TASK ITEM: Please state how many lines in the records below contain the word "angles"; the number alone is the answer.

(Records contained in a dataset)
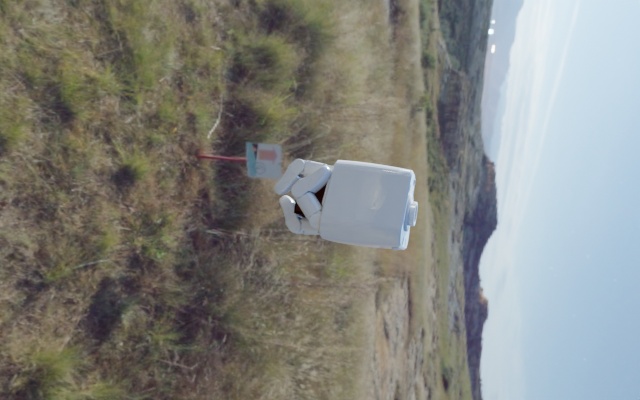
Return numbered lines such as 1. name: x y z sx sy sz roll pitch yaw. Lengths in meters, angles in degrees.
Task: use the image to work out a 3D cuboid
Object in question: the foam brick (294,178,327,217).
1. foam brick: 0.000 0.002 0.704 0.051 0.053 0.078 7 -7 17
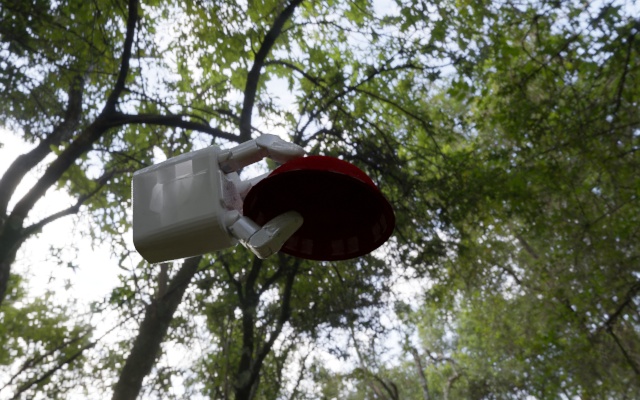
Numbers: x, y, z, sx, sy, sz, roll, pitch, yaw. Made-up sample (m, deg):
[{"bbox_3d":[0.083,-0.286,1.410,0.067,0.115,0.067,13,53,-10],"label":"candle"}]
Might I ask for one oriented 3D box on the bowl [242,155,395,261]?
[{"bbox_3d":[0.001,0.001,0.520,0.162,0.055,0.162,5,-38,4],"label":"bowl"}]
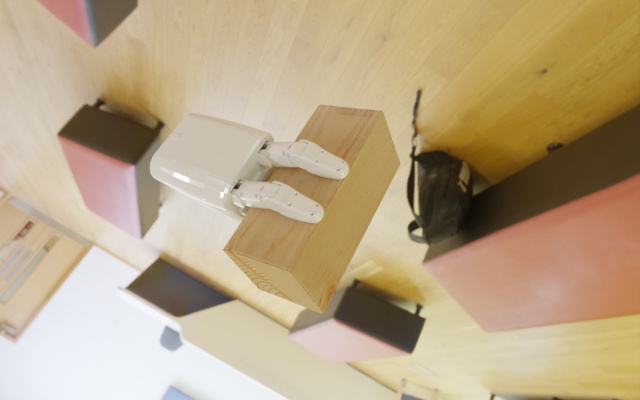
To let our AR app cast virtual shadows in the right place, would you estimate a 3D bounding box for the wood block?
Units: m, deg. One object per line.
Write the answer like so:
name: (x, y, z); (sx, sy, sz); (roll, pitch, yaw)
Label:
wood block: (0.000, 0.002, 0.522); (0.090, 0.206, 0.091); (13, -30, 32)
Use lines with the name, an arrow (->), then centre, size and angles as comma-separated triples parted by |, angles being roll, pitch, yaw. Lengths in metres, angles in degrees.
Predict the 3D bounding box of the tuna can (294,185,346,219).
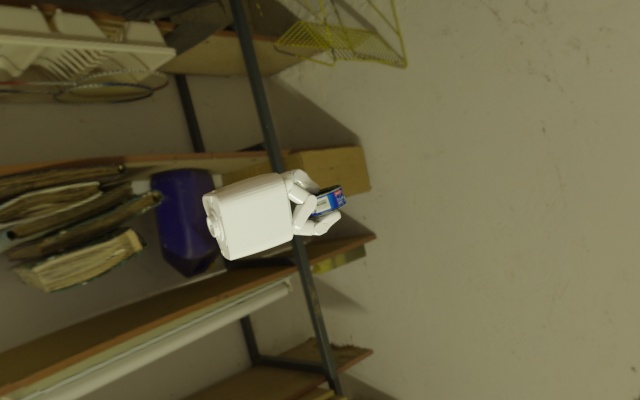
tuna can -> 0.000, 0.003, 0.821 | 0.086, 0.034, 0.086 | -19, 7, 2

==

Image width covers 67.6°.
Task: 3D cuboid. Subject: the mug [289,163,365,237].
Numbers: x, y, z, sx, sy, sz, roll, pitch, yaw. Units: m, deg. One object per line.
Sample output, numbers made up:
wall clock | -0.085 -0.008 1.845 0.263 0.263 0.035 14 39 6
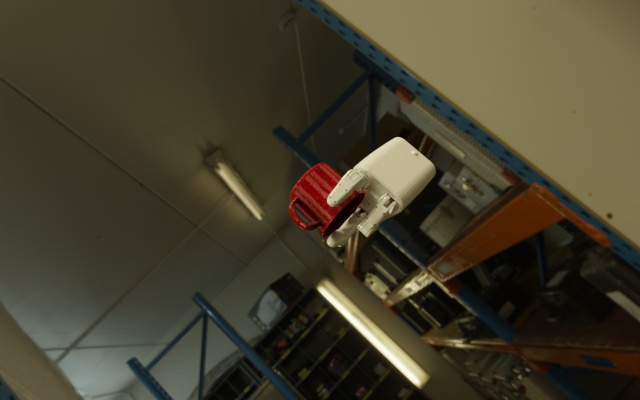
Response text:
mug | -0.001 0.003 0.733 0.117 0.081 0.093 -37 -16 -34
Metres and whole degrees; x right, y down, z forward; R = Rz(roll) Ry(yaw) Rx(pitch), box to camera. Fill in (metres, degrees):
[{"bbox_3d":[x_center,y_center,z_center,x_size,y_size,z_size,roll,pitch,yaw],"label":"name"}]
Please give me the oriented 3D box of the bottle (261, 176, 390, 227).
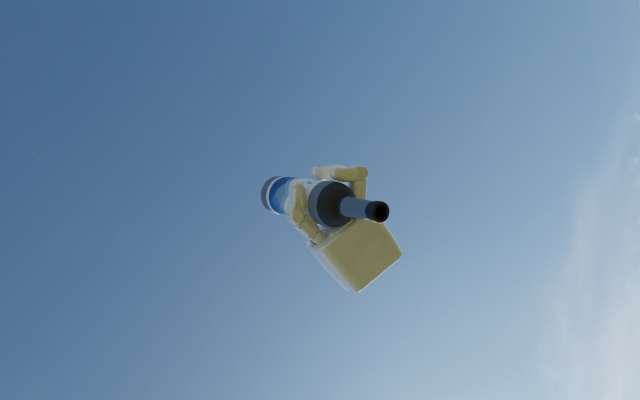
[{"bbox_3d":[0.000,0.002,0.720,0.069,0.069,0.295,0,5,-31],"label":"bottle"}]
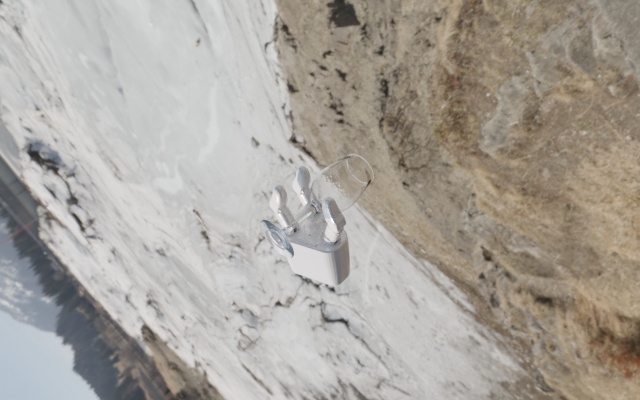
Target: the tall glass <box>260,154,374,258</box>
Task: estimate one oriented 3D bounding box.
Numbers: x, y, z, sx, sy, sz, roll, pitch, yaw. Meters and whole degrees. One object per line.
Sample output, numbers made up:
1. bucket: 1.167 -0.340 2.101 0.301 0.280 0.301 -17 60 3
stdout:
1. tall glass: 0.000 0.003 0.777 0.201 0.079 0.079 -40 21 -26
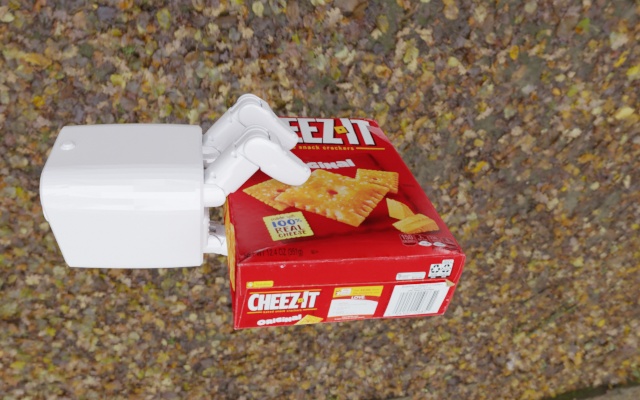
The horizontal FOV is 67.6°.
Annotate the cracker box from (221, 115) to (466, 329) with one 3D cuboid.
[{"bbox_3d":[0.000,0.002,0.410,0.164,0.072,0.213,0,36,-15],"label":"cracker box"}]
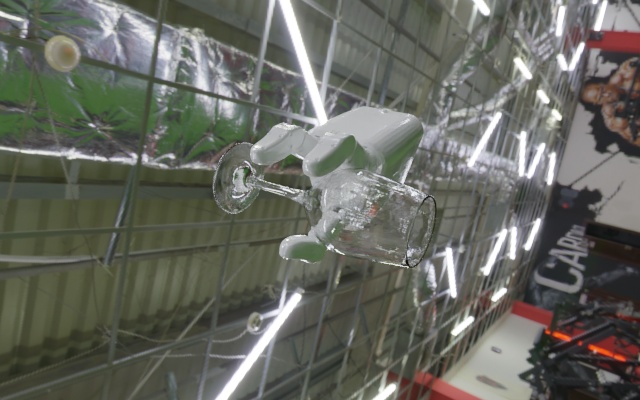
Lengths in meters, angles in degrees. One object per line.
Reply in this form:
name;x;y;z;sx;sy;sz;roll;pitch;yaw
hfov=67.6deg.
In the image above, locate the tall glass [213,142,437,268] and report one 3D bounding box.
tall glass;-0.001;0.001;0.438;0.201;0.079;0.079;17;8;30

SOLUTION TO THIS EXERCISE: 3